Dataset items
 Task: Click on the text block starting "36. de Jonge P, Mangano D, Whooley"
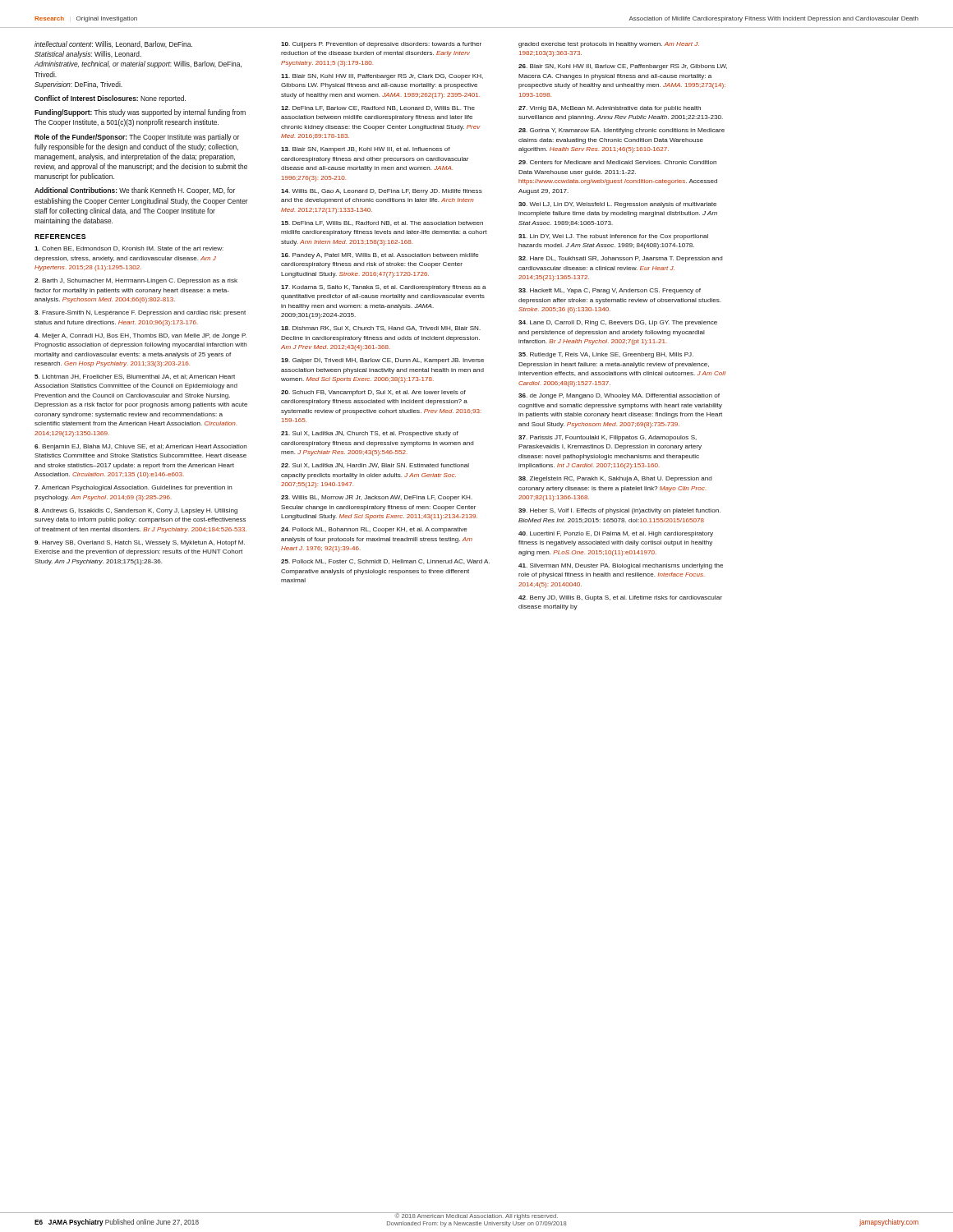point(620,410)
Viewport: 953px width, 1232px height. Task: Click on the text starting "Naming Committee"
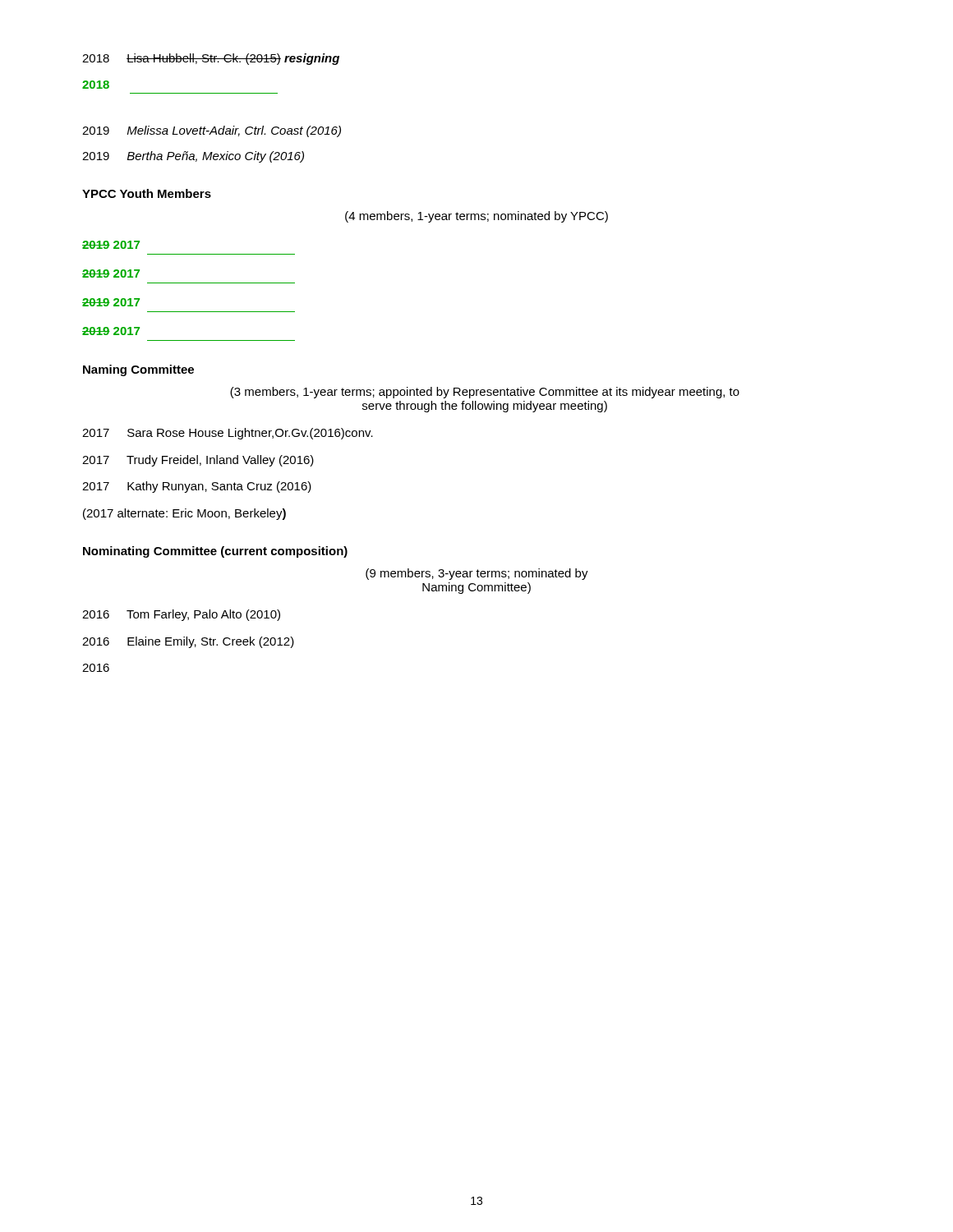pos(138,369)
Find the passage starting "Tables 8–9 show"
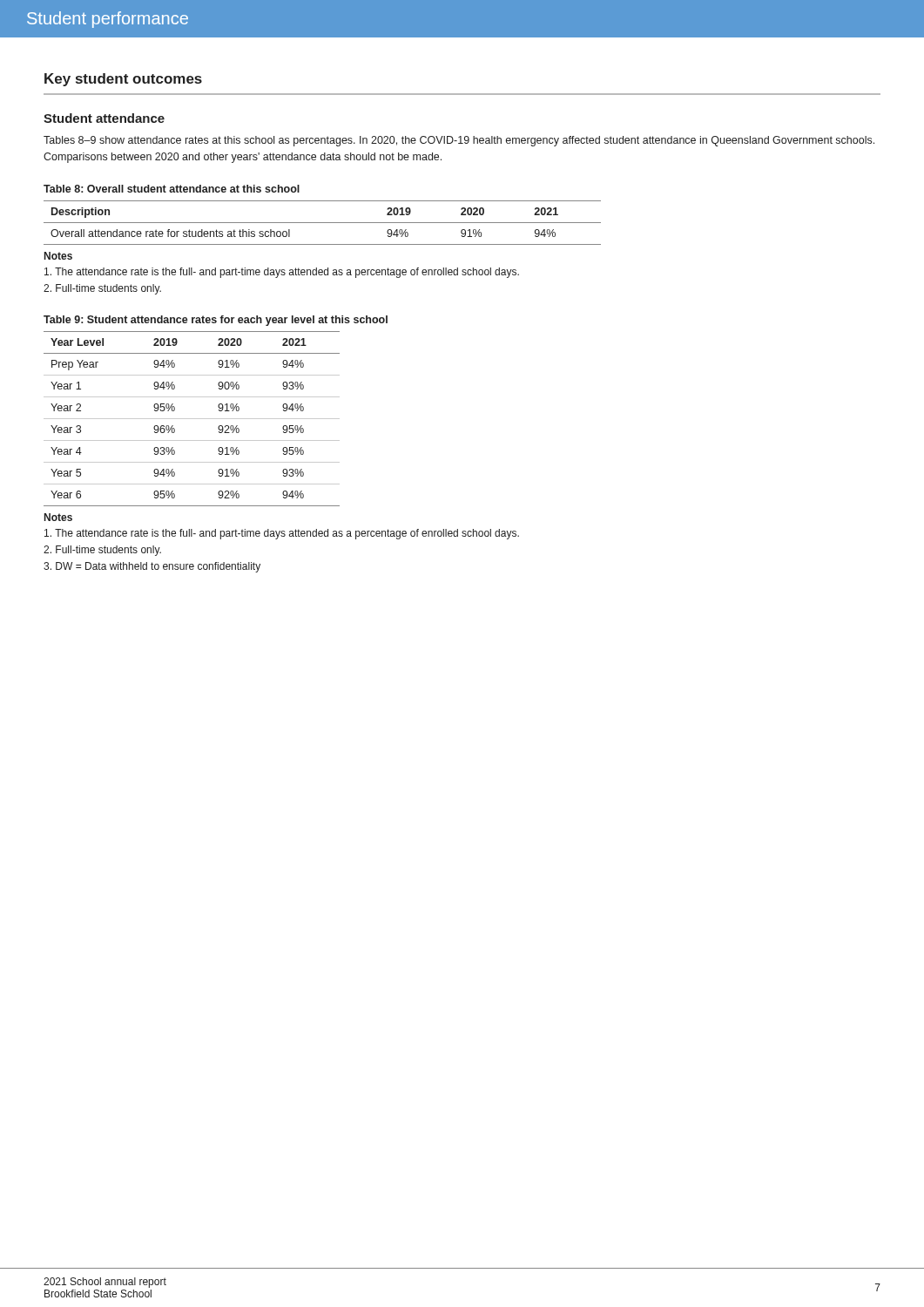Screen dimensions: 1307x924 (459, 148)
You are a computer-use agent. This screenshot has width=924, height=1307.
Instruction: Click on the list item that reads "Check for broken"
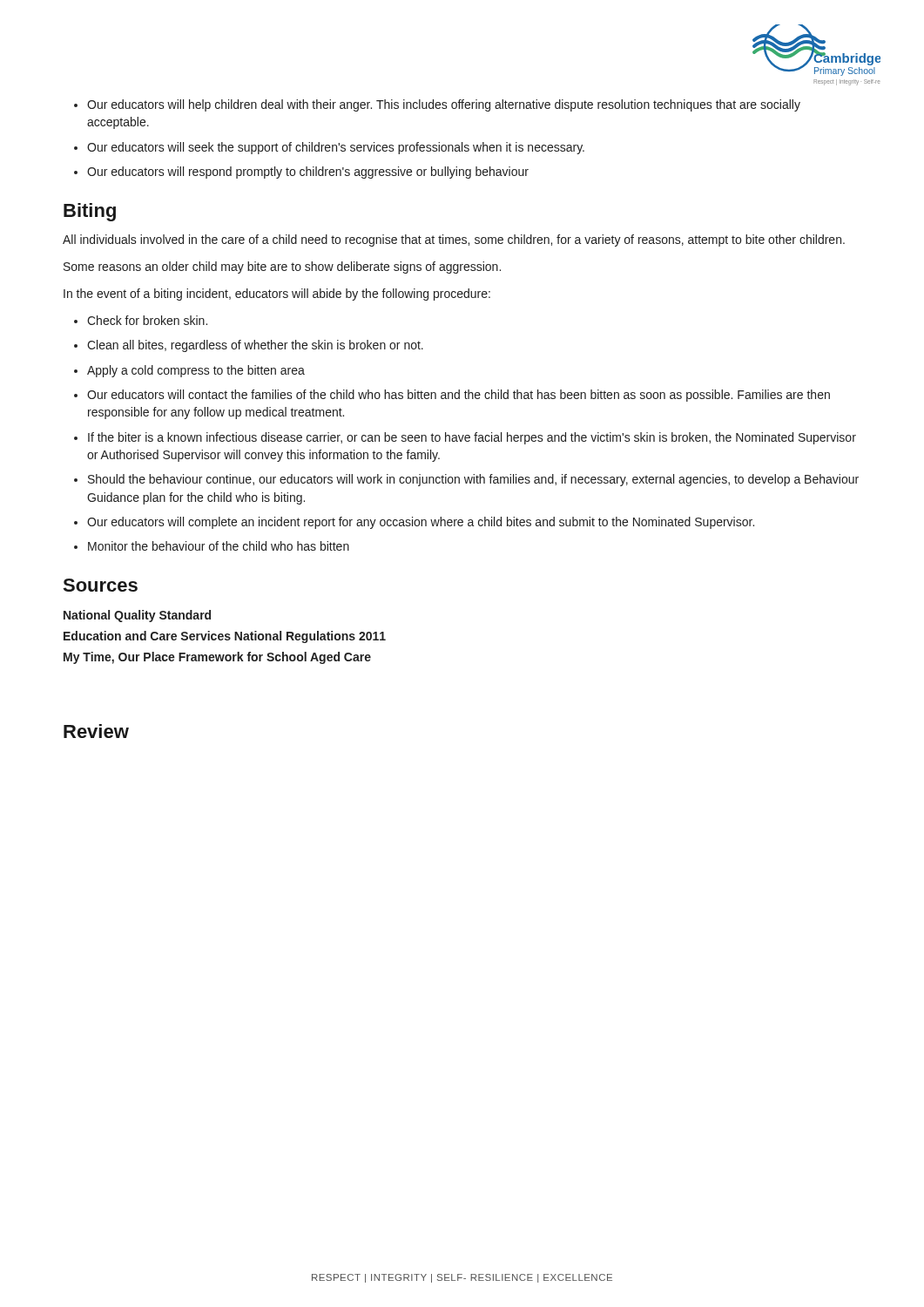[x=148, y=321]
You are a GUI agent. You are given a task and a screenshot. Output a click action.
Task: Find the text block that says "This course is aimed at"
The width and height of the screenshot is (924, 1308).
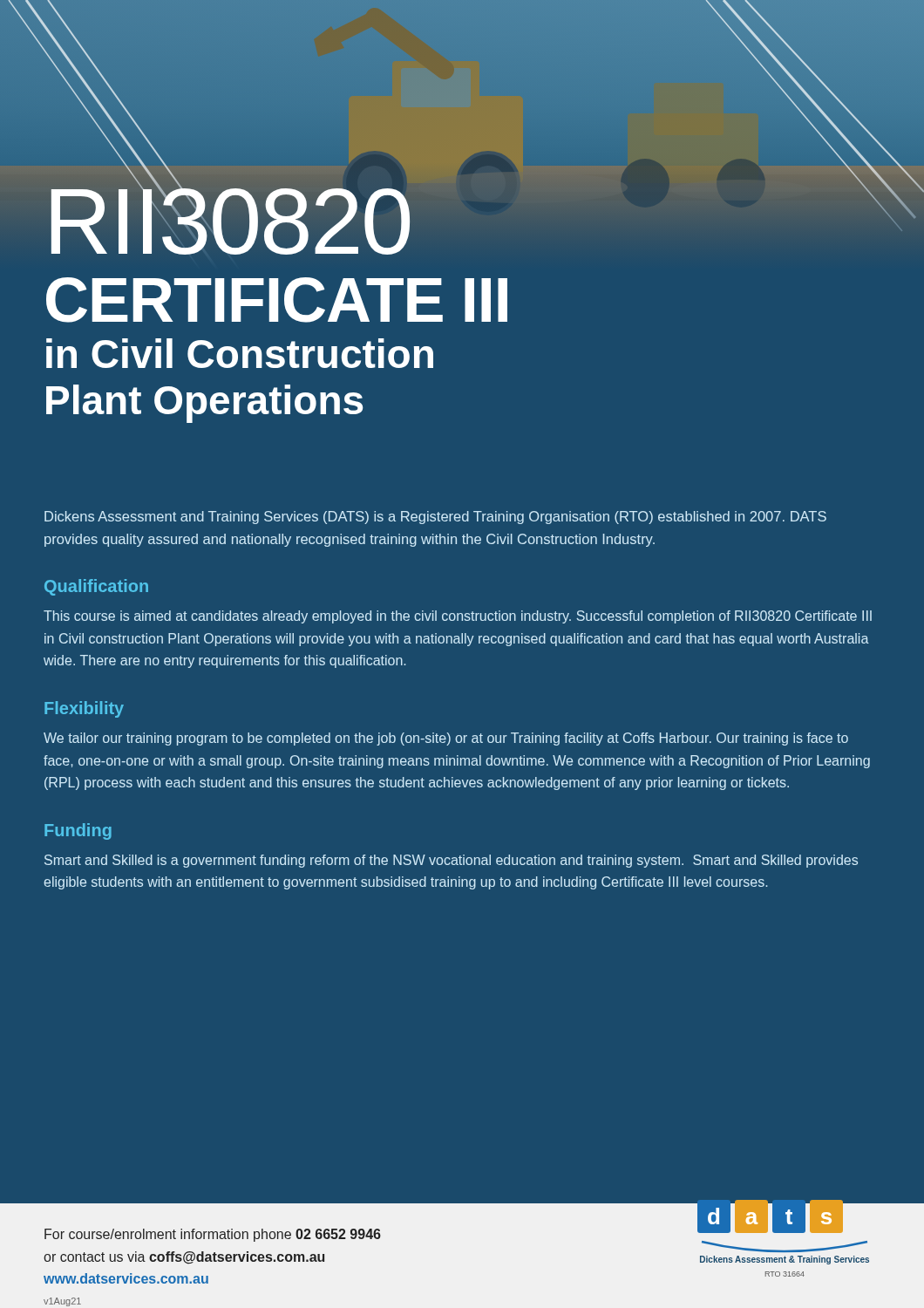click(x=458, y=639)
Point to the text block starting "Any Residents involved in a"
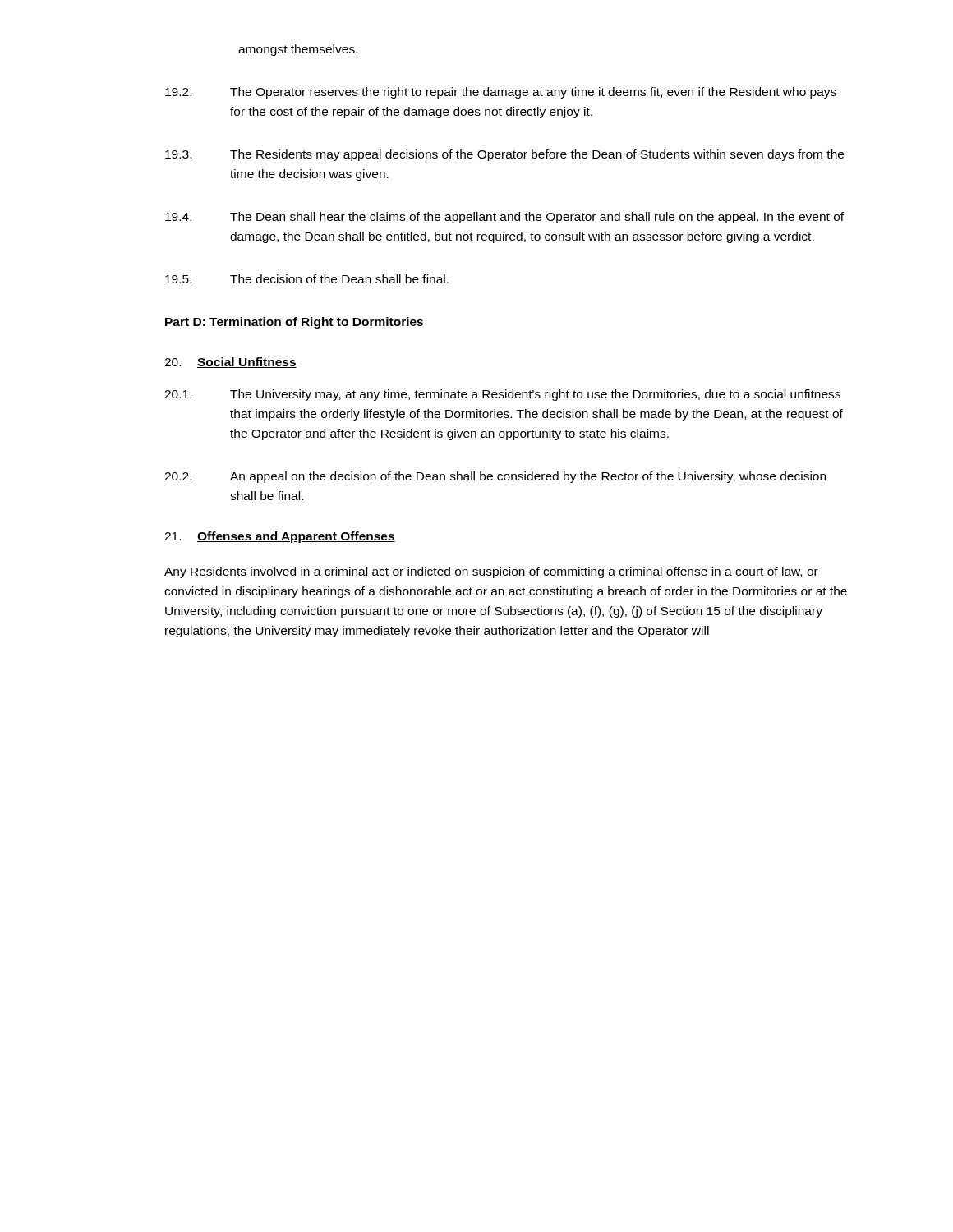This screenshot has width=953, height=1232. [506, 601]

• What is needed:
Looking at the entries above, count each line that includes the string "agent" and give only the total.

• Result below:
2